1月19日、専門学生(20歳、中国籍)が冬の富士山8合目付近で転倒し、足首を骨折。静岡県警の山岳救助隊により救助された。この学生は十分な冬山装備を着用していたが、冬季の富士山特有の困難な環境により遭難。救助は延べ11人がかりで夜通し行われたが、SNSでは「無謀な登山」と非難が噴出。富士山は冬季の気象条件が過酷で、登山経験が豊富でも危険。自治体幹部は「救助費用の有料化」案を提言したが、現状では警察活動の枠組みにより難しいとされている。一方、中国人登山者増加に伴う安全対策の必要性も指摘されている。

現状の富士山冬登山に対する議論は極めて重要です。無雪期とは別物と言えるほど過酷な環境での登山は非常な危険を伴い、安全確保のための規制や対策は現行制度の限界を超えているとも言えます。救助に膨大な時間と人員が費やされている現状は、制度の欠陥を示すものであり、いくつかの明確な改善案が導き出せます。
第一に、冬季特有の登山安全基準を具体化し、十分な装備の確認とその実施を徹底する仕組みが必要です。特に海外登山者側への情報発信を強化し、安全ガイドラインの認知を広める努力が求められます。第二に、冬季入山の登録制度導入、または立ち入り禁止の区域を設けることで、軽率な挑戦を抑止する対策が有効です。第三に、救助費用の自己負担制を導入する議論も深めるべきです。ただしこれは、極度の危険地帯における抑止策として慎重に検討されるべき課題です。
現在の安易な「観光登山」は、犠牲者のみならず救助隊の二重遭難リスクを増大させます。誰にとっても尊厳を守る登山環境と明確な社会的責任の基盤構築こそが、持続可能な富士山利用の鍵となるでしょう。この課題は放置できない社会問題であり、迅速な制度改革が求められています。
ネットからのコメント
1、富士山の冬登山は法律で禁止すれば良いのにと登山をしない自分は思うが、それだとまともな登山者も登れなくなるので、許可制にして無許可登山者には高額の罰金を課せば良いのではないか?救助を要請すれば自ずと違反がバレるので、よく救助費用を取れ!という意見が出されるが、罰金という形で回収出来ると思う。
2、入山のための登録を義務化し、無断侵入は罰金100万円。入山の申込みにはクレジットカードの登録を義務化し、入山料として12万円納め、無事下山したら10万円を返金する。2万円は管理運営費として徴収。救助を利用した場合は入山料で相殺または事前に登録したクレジットカードから差額を引落とす。救助要請が来たら申込み名簿と照会し、申込みをしてない人物からの救助要請は一切受けず、救助も出さない。これくらい決めたらきちんと装備を準備してルールを守ろうとなるのでは。やりたい放題、規則破ったもん勝ち、勝手に怪我して他人の命まで危険に晒すような登山者をしっかり規制すべきです。

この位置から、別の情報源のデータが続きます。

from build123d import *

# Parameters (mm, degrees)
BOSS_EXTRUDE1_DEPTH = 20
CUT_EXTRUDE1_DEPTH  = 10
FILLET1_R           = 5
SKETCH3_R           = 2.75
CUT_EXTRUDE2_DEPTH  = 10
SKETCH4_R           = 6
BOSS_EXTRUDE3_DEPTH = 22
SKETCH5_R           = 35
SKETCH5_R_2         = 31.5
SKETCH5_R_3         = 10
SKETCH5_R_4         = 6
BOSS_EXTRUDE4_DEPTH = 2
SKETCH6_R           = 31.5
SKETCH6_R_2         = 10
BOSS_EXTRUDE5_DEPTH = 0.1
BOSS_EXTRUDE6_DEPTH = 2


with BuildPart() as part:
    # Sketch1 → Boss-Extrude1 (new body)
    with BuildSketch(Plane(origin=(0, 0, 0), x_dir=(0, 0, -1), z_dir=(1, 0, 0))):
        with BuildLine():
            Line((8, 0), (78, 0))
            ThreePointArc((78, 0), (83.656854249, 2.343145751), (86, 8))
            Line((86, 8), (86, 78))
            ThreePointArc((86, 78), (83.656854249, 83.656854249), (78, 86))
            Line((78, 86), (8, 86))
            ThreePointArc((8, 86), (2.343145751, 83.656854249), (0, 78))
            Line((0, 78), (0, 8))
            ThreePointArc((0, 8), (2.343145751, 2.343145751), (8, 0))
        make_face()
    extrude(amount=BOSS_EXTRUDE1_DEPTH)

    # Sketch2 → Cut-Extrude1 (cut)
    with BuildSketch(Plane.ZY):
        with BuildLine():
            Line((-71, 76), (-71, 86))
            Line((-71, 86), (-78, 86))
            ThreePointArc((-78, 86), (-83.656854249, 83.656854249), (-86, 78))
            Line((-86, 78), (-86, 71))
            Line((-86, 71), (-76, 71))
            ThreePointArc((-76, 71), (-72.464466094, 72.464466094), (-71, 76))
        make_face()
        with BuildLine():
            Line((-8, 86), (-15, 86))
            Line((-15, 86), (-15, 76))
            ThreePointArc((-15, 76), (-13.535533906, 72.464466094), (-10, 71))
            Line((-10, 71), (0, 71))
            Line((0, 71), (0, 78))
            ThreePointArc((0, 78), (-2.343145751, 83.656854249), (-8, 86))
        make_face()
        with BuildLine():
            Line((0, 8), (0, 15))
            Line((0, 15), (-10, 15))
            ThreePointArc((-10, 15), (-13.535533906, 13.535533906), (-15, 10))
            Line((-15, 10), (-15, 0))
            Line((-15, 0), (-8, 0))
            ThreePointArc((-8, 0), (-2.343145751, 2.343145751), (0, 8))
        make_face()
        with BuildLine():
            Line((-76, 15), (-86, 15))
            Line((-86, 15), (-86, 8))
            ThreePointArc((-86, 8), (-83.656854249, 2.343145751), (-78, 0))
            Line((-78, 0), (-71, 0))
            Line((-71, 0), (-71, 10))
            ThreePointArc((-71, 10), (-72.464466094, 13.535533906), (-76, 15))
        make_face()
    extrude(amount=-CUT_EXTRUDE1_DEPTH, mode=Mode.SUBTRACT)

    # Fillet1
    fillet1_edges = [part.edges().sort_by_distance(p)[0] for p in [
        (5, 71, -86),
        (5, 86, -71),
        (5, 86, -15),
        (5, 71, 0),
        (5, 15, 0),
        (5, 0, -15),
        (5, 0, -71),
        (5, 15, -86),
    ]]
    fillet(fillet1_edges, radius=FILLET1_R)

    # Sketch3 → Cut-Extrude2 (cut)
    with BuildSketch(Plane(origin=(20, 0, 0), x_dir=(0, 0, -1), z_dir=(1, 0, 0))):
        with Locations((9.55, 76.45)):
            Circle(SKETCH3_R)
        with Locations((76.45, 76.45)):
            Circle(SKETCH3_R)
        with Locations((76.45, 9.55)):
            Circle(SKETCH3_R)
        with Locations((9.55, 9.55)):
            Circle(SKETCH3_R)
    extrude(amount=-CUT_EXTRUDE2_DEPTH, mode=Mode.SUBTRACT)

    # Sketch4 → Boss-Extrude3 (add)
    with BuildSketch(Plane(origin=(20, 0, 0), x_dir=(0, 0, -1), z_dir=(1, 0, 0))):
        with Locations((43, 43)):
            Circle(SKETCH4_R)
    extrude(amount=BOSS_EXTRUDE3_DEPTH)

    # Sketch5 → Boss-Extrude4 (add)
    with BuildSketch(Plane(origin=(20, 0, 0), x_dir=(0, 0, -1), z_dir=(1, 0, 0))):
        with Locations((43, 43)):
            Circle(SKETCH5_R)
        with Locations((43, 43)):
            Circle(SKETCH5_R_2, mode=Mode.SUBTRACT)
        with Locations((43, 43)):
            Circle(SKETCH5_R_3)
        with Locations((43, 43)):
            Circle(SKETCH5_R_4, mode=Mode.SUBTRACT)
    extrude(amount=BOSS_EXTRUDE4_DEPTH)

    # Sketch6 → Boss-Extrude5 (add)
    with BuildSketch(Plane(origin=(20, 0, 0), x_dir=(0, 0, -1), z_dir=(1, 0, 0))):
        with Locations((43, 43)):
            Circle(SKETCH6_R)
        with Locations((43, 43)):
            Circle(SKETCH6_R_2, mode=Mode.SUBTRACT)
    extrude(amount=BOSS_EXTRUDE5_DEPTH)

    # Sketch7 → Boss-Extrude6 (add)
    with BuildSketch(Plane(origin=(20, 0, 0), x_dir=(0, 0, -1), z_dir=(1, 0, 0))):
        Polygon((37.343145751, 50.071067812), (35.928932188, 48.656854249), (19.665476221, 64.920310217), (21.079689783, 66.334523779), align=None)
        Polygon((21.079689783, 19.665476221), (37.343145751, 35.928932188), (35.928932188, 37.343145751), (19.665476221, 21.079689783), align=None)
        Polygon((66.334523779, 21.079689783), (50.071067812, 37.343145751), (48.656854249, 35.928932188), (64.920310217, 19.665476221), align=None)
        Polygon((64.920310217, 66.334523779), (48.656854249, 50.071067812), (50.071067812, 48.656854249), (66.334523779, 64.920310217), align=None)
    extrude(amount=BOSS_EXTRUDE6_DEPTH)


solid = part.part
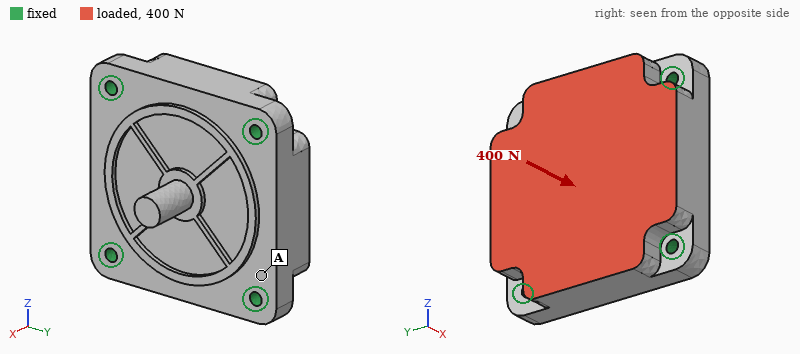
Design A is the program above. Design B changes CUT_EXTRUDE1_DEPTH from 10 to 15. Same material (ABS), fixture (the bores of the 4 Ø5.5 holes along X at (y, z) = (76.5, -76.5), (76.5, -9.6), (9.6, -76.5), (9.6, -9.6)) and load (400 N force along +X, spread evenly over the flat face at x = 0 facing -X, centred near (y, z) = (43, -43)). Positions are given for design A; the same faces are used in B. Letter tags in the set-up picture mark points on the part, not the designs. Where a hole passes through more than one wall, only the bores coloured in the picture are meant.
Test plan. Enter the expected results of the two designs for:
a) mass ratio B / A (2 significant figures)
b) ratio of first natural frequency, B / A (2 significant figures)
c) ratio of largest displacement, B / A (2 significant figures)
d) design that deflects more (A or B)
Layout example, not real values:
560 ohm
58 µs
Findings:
0.97
0.83
1.4
B
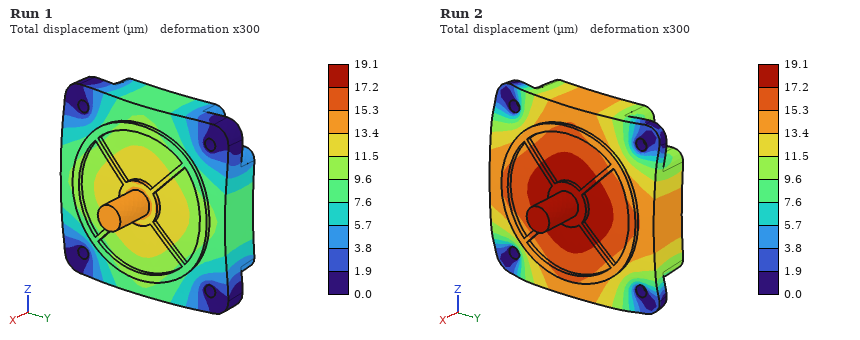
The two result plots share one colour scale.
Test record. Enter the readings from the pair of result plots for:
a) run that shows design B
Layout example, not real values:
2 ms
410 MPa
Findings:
Run 2

3、富士山で観光客の事故が多いのは、それを可能にする登山環境があるからだ。閉山期の9月上旬から6月までの間、富士山では有料道路が運行し、4,5合目まで簡単に行ける。もし、富士山で1合目から歩かなければならないとすれば、観光客は、まず、登らない。夏期は、登山料さえ払えば、誰でも5合目から登り始めることができる。多くの山小屋、診療所、安全パトロール員、整備された登山道など至れり尽くせりの登山環境がある。
それで多くの観光客が登り、事故が多い。外国ではそうではない。外国の人気のある高山は、環境保護のために登山者数を1日100人程度に制限している。あるいは、意図的に、車道・橋を設置しない、登山道を歩きやすく整備しないなど、人気のある山へのアプローチを不便にすることで、登山者数を抑えている。その結果、事故が少ない。富士山は、「初心者や観光客が登りやすい登山環境」があるので、事故が多い。
4、救助は人道的な観点もあるので通報が入れば行かない訳にはいかないのだろうが、ならばせめてルール無視や無謀な行為には救助に掛かった費用を実費請求で良いんじゃないかな。それと、最初から日本の登山ルールを守る気の無い外国人観光客からは入山の際にデポジット(保証金や供託金の類)を徴収するのも良いかもしれない。